If you think that the patents are no longer a concern, please elaborate.

As far as I am aware, the patents primarily covered the encoder parts and never really were an issue with the decoder part. Additionally, the known ones (see https://www.hlevkin.com/hlevkin/Standards/fcd14492.pdf) might be expired (https://redirect.github.com/agl/jbig2enc/issues/58), although my knowledge regarding patents is too limited to do any final judgement on this.
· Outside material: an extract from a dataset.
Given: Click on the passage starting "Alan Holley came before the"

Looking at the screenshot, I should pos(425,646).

stefan6419846 avatar Aug 29 '25 18:08 stefan6419846

What are y'all thinking? Anyone open to working on this with more C experience? @stefan6419846 @radarhere

ReedGraff avatar Sep 19 '25 22:09 ReedGraff

I guess someone would already have indicated after starting to work on this and this is not trivial due to possibly requiring an implementation from scratch. Explicitly pinging users here most likely does not help with this. From my side, I neither have the necessary C experience nor the personal resources to do an actual implementation (otherwise I would already have looked into some alternative implementation for the libraries I maintain myself).

stefan6419846 avatar Sep 20 '25 08:09 stefan6419846

From a brief search, I found the ISO, IEC, and ITU-T jointly published JBIG2 specifications at least in 2001 and probably earlier. Except for unusual circumstances like prolonged delays in application processing, patents in the United States of America last 20 years at most. Therefore any patents that might possibly come into play ought to be expired here and presumably most other places that might have patents.
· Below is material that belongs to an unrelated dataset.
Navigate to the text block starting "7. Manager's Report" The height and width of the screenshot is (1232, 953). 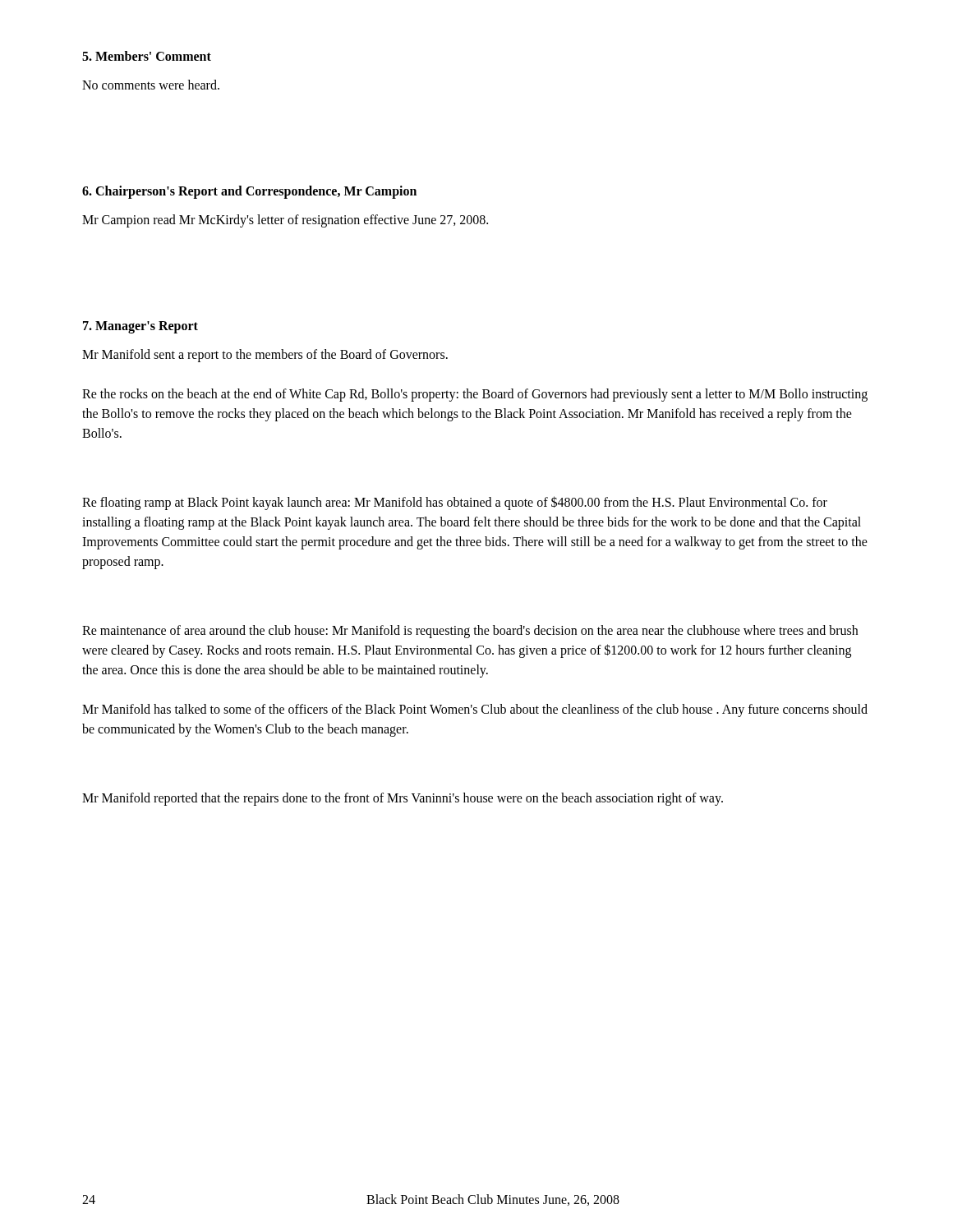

I would also like to elaborate on the use case. The ITU-T standardized JBIG and JBIG2 for use in fax standards, and specifically to bridge facsimile and digital communications. For faxes or scanned pages of text, bi-level images are perfect; making sure the text can be read and contrasted from the background is the main concern. Conceptually this is the same as the PBM image format. Of course JBIG and JBIG2 offer compression, and so the reason I sought to learn about the JBIG2 format is this: when scanning paper documents with a tool such as SANE, I can scan documents in grayscale. Afterwords converting to a bi-level format such as JBIG2 will not only greatly reduce file size on its own, but—because going from greyscale to monochrome is basically a form of "downsampling", for lack of a better term (can you tell I don't have experience with this stuff? 🙃)—this gives a compression tool a lot of freedom to reduce noise or pick the cutoff levels appropriately (a user might raise the threshold for a pixel to become "black" to forgive smudging for example). This perhaps could benefit compression even more, just as the tunable parameters in any lossy compression procedure can be chosen to attain trade-offs.
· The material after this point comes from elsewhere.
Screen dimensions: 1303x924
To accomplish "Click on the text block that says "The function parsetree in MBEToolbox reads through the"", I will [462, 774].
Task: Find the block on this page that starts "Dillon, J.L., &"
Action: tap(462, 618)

An appropriate monochrome image format is the "right tool for the job" for preserving scanned documents of text. PDF documents can (and do) contain JBIG2 images as a container format around these images, and Ghostscript, Poppler, and MuPDF all support it well in that case, at least for reading. The use of JBIG2 in PDFs is—if I recall correctly—prescribed by the ISO/IEC standards for PDF documents, so that's already a good reason for support to be available. I found my way to this issue (not having much of an idea what Pillow is—don't give me any hints!) because this seems to be what WeasyPrint—the HTML-to-PDF Python library and utility—uses to detect images and decide how to handle them.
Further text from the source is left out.